Task >> Search the data for "Numbers" and copy every matching line.

Dataset records >>
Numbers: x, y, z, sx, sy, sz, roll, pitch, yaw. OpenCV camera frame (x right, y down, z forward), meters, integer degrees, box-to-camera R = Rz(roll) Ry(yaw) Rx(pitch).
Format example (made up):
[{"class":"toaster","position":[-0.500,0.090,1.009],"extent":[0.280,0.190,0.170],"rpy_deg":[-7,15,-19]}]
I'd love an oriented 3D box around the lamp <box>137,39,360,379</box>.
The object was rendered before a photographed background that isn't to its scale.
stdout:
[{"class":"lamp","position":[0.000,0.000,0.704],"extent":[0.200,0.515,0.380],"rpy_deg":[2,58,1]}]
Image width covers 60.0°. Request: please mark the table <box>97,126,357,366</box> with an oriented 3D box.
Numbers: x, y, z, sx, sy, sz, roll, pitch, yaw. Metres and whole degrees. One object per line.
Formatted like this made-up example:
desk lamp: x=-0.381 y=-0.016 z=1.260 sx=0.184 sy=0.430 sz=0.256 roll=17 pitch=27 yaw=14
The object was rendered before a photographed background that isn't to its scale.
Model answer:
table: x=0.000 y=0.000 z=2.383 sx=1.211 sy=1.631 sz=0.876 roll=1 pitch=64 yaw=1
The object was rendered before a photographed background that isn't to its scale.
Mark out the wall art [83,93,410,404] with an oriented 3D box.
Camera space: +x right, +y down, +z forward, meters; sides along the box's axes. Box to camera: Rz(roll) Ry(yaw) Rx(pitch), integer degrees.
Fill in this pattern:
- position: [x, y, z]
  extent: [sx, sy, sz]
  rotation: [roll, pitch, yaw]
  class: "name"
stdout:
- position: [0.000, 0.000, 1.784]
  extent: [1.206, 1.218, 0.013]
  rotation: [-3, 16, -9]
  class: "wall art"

Solution >>
Numbers: x, y, z, sx, sy, sz, roll, pitch, yaw. OpenCV camera frame (x right, y down, z forward), meters, integer degrees, box-to-camera R = Rz(roll) Ry(yaw) Rx(pitch).
Numbers: x, y, z, sx, sy, sz, roll, pitch, yaw. Metres and whole degrees. One object per line.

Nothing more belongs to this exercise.